#### [Prompt]
Nothing but the pictures is dropped; write out all the remaining data below exactly.

[Excerpts from a dataset]
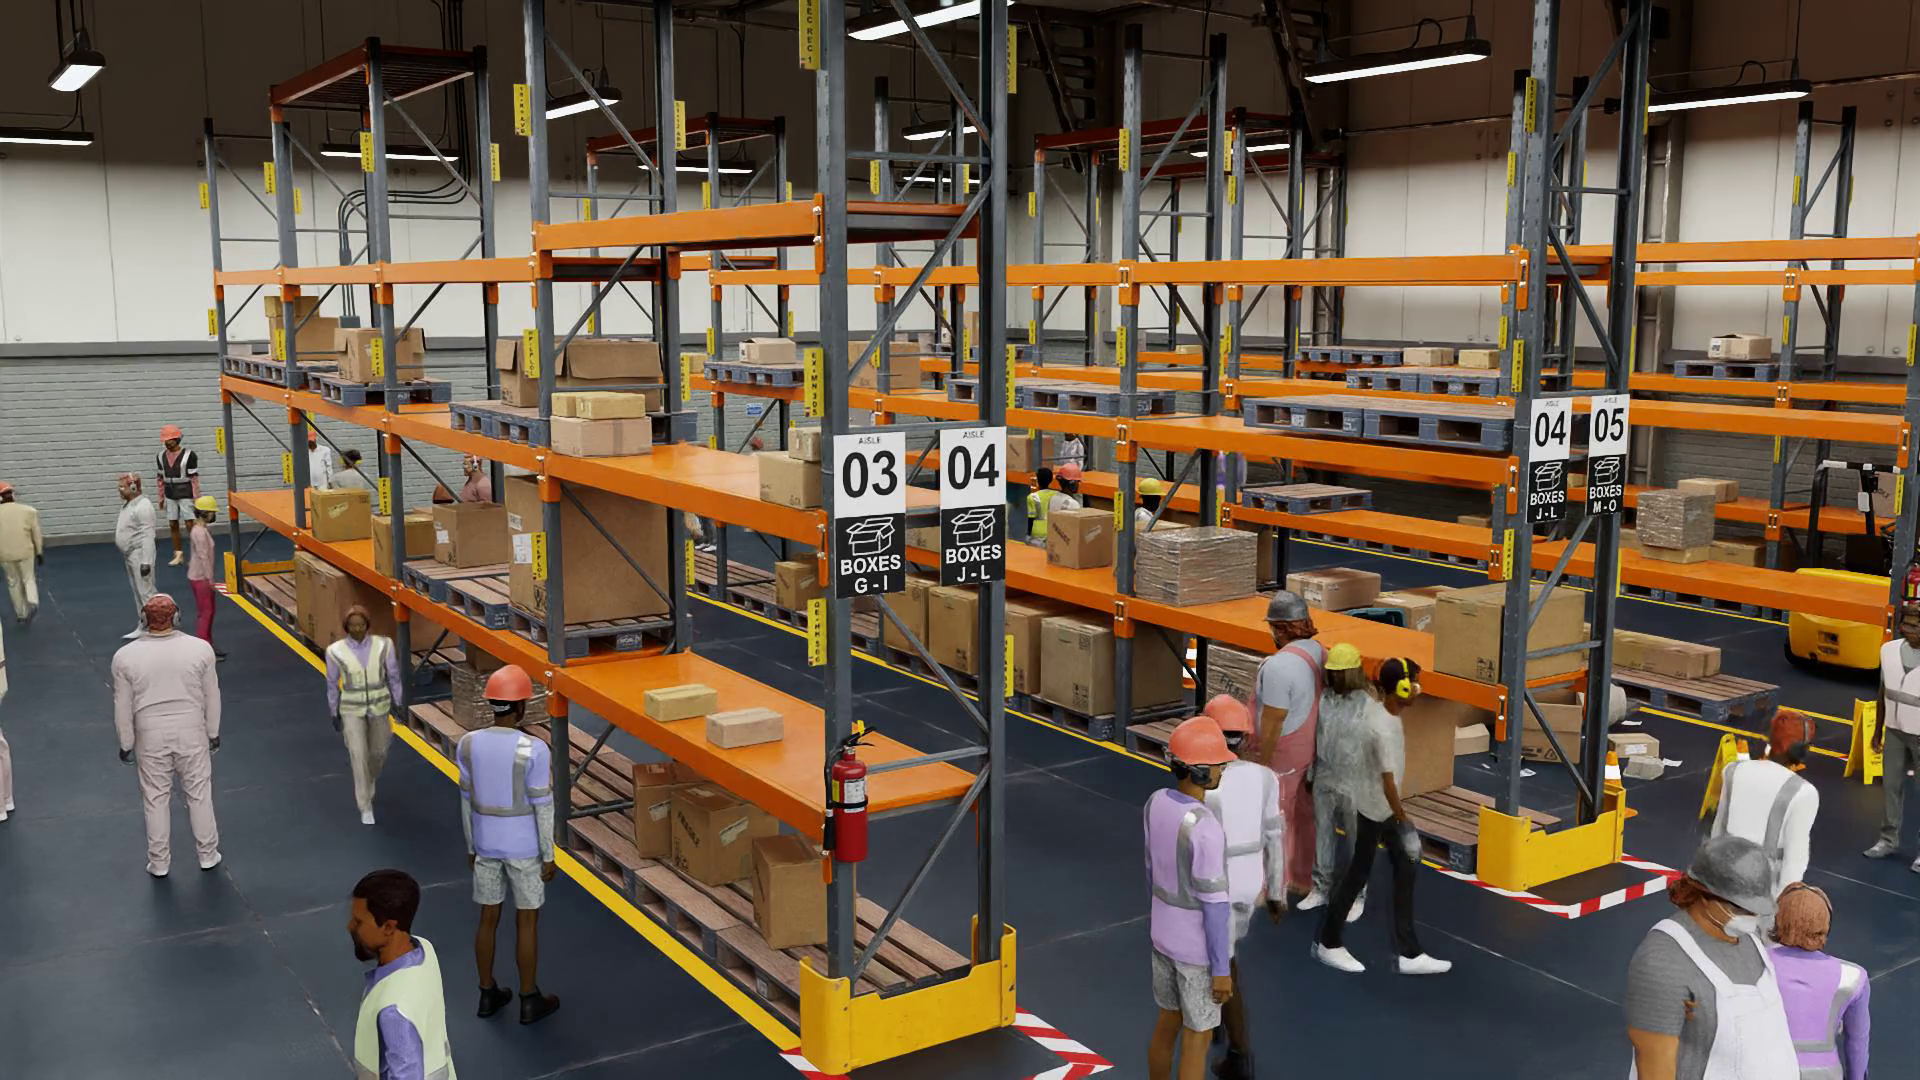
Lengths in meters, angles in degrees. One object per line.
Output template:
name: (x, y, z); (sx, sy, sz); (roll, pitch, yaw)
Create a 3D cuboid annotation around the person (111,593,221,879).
person: (-5.289, 1.302, 11.137); (0.640, 1.910, 0.401); (-4, 9, -25)

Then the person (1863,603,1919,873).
person: (6.473, 1.322, 11.260); (0.381, 1.834, 0.560); (-4, 9, -25)

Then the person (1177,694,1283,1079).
person: (1.278, 1.717, 8.403); (0.555, 1.891, 0.903); (-4, 9, -26)

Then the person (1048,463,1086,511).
person: (1.182, 0.171, 18.269); (0.411, 2.034, 0.605); (-4, 9, -22)

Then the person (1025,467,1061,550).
person: (1.064, -0.068, 20.957); (0.532, 1.697, 0.319); (-4, 10, -27)

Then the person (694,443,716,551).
person: (-3.840, -0.648, 25.051); (0.277, 1.627, 0.502); (-6, 10, -33)

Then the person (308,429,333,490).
person: (-10.328, -0.937, 26.599); (0.573, 1.739, 0.349); (-4, 9, -22)

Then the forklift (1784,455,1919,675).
forklift: (9.643, 0.253, 17.172); (2.313, 2.155, 1.214); (-6, 10, -33)

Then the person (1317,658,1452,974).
person: (2.416, 1.586, 9.487); (0.773, 1.834, 0.582); (4, 10, 26)

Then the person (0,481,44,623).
person: (-11.028, 0.161, 19.408); (0.592, 1.709, 0.583); (-5, 10, -32)

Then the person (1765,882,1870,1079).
person: (3.226, 2.137, 6.460); (0.521, 1.638, 0.311); (3, 9, 19)

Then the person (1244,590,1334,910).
person: (2.070, 1.313, 10.623); (0.535, 2.000, 0.686); (7, 11, 40)

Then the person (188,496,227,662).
person: (-7.961, 0.414, 17.561); (0.351, 1.756, 0.558); (-4, 9, -23)

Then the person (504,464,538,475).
person: (-6.243, -0.520, 23.624); (0.535, 1.814, 0.974); (-2, 9, -14)

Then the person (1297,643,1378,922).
person: (2.371, 1.497, 10.383); (0.486, 1.744, 0.294); (8, 11, 41)

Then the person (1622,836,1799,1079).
person: (2.681, 2.021, 5.908); (0.674, 2.000, 0.535); (-7, 11, -39)

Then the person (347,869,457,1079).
person: (-1.962, 2.083, 5.888); (0.392, 1.922, 0.593); (-2, 9, -16)

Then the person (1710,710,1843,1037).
person: (4.043, 1.752, 8.457); (1.088, 1.814, 0.648); (-4, 9, -24)

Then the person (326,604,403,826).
person: (-4.452, 1.253, 12.409); (0.511, 1.619, 0.699); (-5, 10, -30)

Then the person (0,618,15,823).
person: (-7.208, 1.131, 12.206); (0.369, 1.925, 0.594); (-2, 9, -16)

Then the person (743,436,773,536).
person: (-3.174, -0.867, 26.611); (0.838, 1.591, 0.528); (8, 12, 44)

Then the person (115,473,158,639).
person: (-9.158, 0.198, 18.496); (0.403, 1.904, 0.652); (-7, 11, -39)

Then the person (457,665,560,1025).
person: (-2.403, 1.624, 8.933); (0.546, 1.928, 0.384); (3, 9, 17)

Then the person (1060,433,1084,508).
person: (1.826, -1.046, 27.069); (0.405, 1.824, 0.586); (-5, 10, -30)

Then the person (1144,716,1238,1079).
person: (1.043, 1.789, 7.443); (0.371, 2.044, 0.608); (-3, 9, -21)

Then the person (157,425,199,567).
person: (-11.070, -0.616, 23.525); (0.613, 2.029, 0.409); (1, 9, 8)

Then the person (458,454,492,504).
person: (-6.030, -0.130, 20.675); (0.409, 1.909, 0.642); (-6, 10, -34)

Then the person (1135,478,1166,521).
person: (2.003, 0.296, 17.765); (0.369, 1.927, 0.587); (0, 9, -2)

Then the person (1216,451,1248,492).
person: (4.160, -0.871, 25.892); (0.664, 1.818, 0.497); (-3, 9, -18)

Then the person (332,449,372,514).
person: (-7.971, -0.262, 21.821); (0.626, 1.841, 0.462); (-7, 11, -41)
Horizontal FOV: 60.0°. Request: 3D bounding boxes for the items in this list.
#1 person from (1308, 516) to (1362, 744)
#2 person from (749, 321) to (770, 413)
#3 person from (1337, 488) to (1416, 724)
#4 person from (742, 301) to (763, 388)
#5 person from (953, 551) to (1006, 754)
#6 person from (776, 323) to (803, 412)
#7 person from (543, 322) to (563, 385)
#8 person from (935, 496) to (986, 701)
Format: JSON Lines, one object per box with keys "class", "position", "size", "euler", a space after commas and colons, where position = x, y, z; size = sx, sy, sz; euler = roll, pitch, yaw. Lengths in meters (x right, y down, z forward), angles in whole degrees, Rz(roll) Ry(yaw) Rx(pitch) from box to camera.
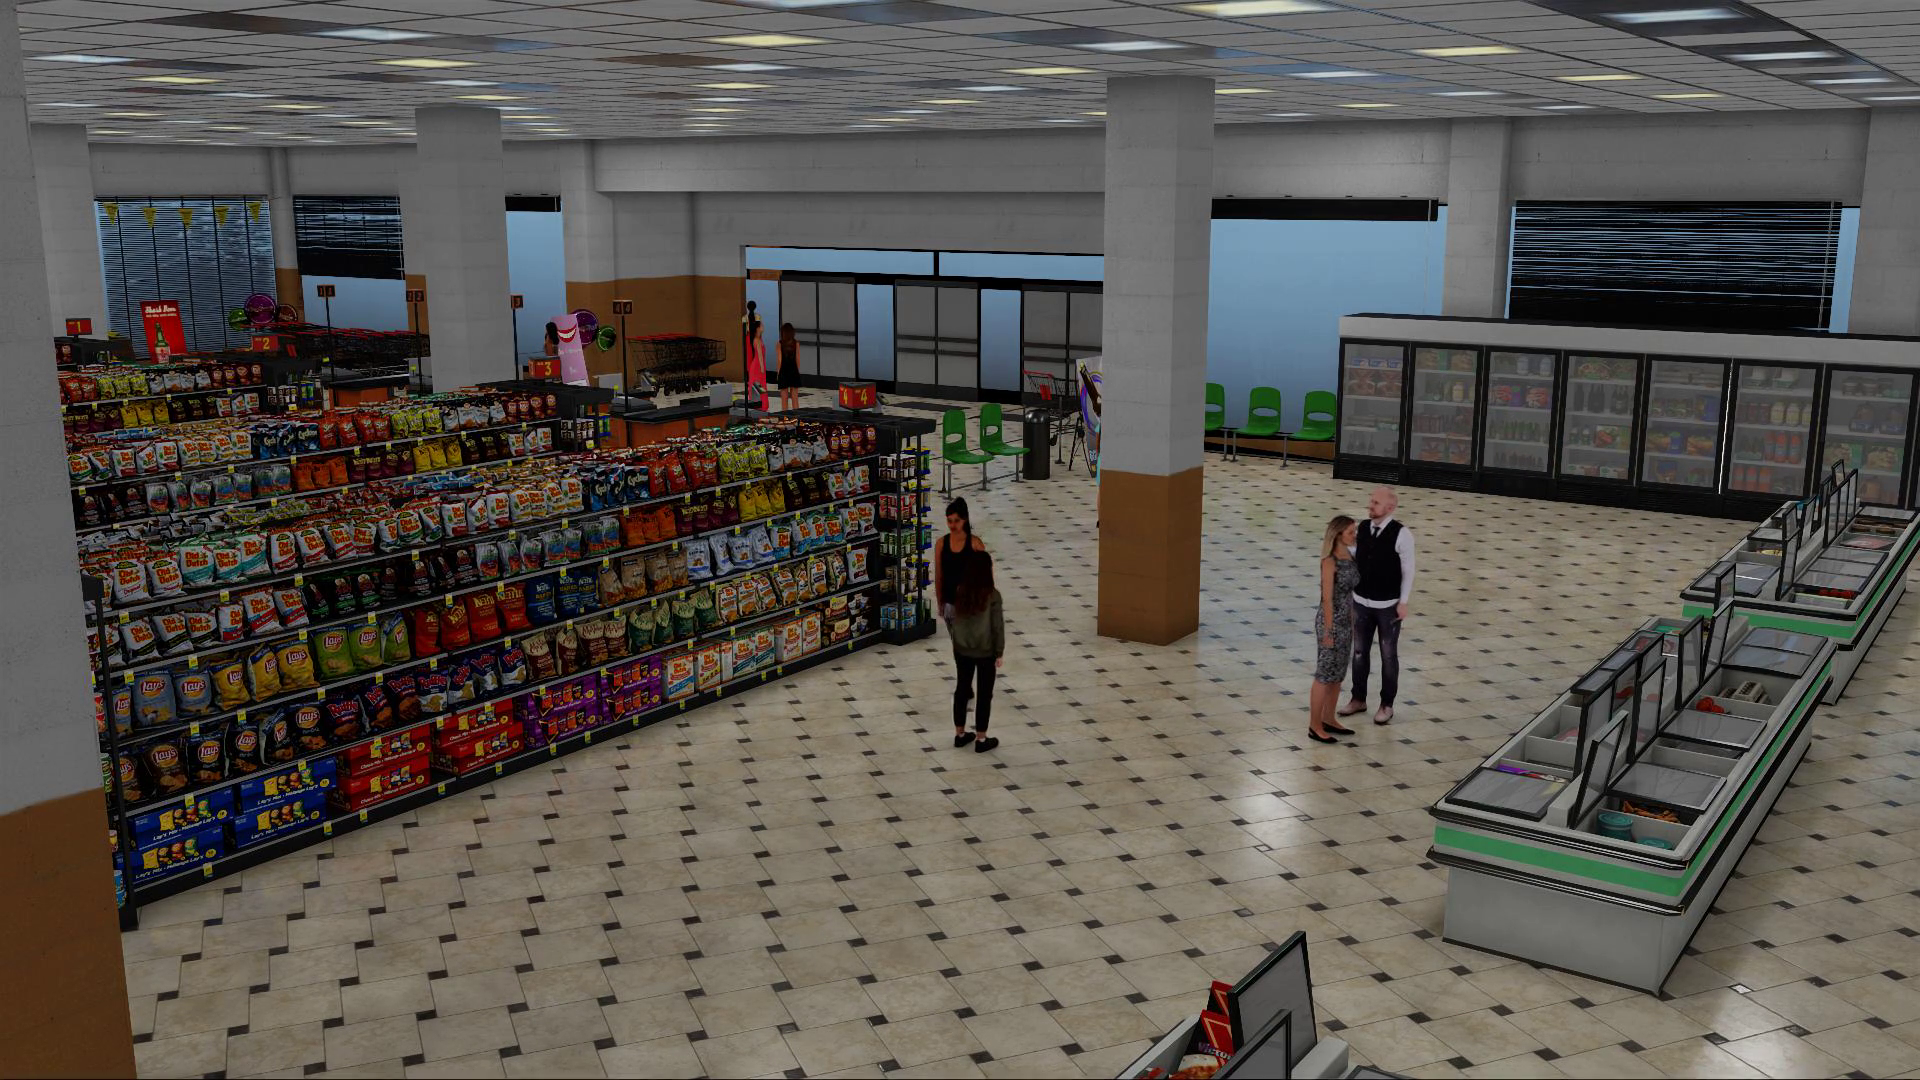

#### [Task answer]
Lengths in meters, angles in degrees. One object per line.
Output template:
name: (x, y, z); (sx, sy, sz); (roll, pitch, yaw)
Create a 3D cuboid annotation around the person (111,593,221,879).
person: (-5.289, 1.302, 11.137); (0.640, 1.910, 0.401); (-4, 9, -25)

Then the person (1863,603,1919,873).
person: (6.473, 1.322, 11.260); (0.381, 1.834, 0.560); (-4, 9, -25)

Then the person (1177,694,1283,1079).
person: (1.278, 1.717, 8.403); (0.555, 1.891, 0.903); (-4, 9, -26)

Then the person (1048,463,1086,511).
person: (1.182, 0.171, 18.269); (0.411, 2.034, 0.605); (-4, 9, -22)

Then the person (1025,467,1061,550).
person: (1.064, -0.068, 20.957); (0.532, 1.697, 0.319); (-4, 10, -27)

Then the person (694,443,716,551).
person: (-3.840, -0.648, 25.051); (0.277, 1.627, 0.502); (-6, 10, -33)

Then the person (308,429,333,490).
person: (-10.328, -0.937, 26.599); (0.573, 1.739, 0.349); (-4, 9, -22)

Then the forklift (1784,455,1919,675).
forklift: (9.643, 0.253, 17.172); (2.313, 2.155, 1.214); (-6, 10, -33)

Then the person (1317,658,1452,974).
person: (2.416, 1.586, 9.487); (0.773, 1.834, 0.582); (4, 10, 26)

Then the person (0,481,44,623).
person: (-11.028, 0.161, 19.408); (0.592, 1.709, 0.583); (-5, 10, -32)

Then the person (1765,882,1870,1079).
person: (3.226, 2.137, 6.460); (0.521, 1.638, 0.311); (3, 9, 19)

Then the person (1244,590,1334,910).
person: (2.070, 1.313, 10.623); (0.535, 2.000, 0.686); (7, 11, 40)

Then the person (188,496,227,662).
person: (-7.961, 0.414, 17.561); (0.351, 1.756, 0.558); (-4, 9, -23)

Then the person (504,464,538,475).
person: (-6.243, -0.520, 23.624); (0.535, 1.814, 0.974); (-2, 9, -14)

Then the person (1297,643,1378,922).
person: (2.371, 1.497, 10.383); (0.486, 1.744, 0.294); (8, 11, 41)

Then the person (1622,836,1799,1079).
person: (2.681, 2.021, 5.908); (0.674, 2.000, 0.535); (-7, 11, -39)

Then the person (347,869,457,1079).
person: (-1.962, 2.083, 5.888); (0.392, 1.922, 0.593); (-2, 9, -16)

Then the person (1710,710,1843,1037).
person: (4.043, 1.752, 8.457); (1.088, 1.814, 0.648); (-4, 9, -24)

Then the person (326,604,403,826).
person: (-4.452, 1.253, 12.409); (0.511, 1.619, 0.699); (-5, 10, -30)

Then the person (0,618,15,823).
person: (-7.208, 1.131, 12.206); (0.369, 1.925, 0.594); (-2, 9, -16)

Then the person (743,436,773,536).
person: (-3.174, -0.867, 26.611); (0.838, 1.591, 0.528); (8, 12, 44)

Then the person (115,473,158,639).
person: (-9.158, 0.198, 18.496); (0.403, 1.904, 0.652); (-7, 11, -39)

Then the person (457,665,560,1025).
person: (-2.403, 1.624, 8.933); (0.546, 1.928, 0.384); (3, 9, 17)

Then the person (1060,433,1084,508).
person: (1.826, -1.046, 27.069); (0.405, 1.824, 0.586); (-5, 10, -30)

Then the person (1144,716,1238,1079).
person: (1.043, 1.789, 7.443); (0.371, 2.044, 0.608); (-3, 9, -21)

Then the person (157,425,199,567).
person: (-11.070, -0.616, 23.525); (0.613, 2.029, 0.409); (1, 9, 8)

Then the person (458,454,492,504).
person: (-6.030, -0.130, 20.675); (0.409, 1.909, 0.642); (-6, 10, -34)

Then the person (1135,478,1166,521).
person: (2.003, 0.296, 17.765); (0.369, 1.927, 0.587); (0, 9, -2)

Then the person (1216,451,1248,492).
person: (4.160, -0.871, 25.892); (0.664, 1.818, 0.497); (-3, 9, -18)

Then the person (332,449,372,514).
person: (-7.971, -0.262, 21.821); (0.626, 1.841, 0.462); (-7, 11, -41)
Horizontal FOV: 60.0°. Request: 3D bounding boxes for the items in this list.
#1 person from (1308, 516) to (1362, 744)
#2 person from (749, 321) to (770, 413)
#3 person from (1337, 488) to (1416, 724)
#4 person from (742, 301) to (763, 388)
#5 person from (953, 551) to (1006, 754)
#6 person from (776, 323) to (803, 412)
#7 person from (543, 322) to (563, 385)
#8 person from (935, 496) to (986, 701)
Format: JSON Lines, one object per box with keys "class", "position", "size", "euler", a space after commas and colons, where position = x, y, z; size = sx, sy, sz; euler = roll, pitch, yaw. Lengths in meters (x right, y down, z forward), angles in whole degrees, Rz(roll) Ry(yaw) Rx(pitch) from box to camera.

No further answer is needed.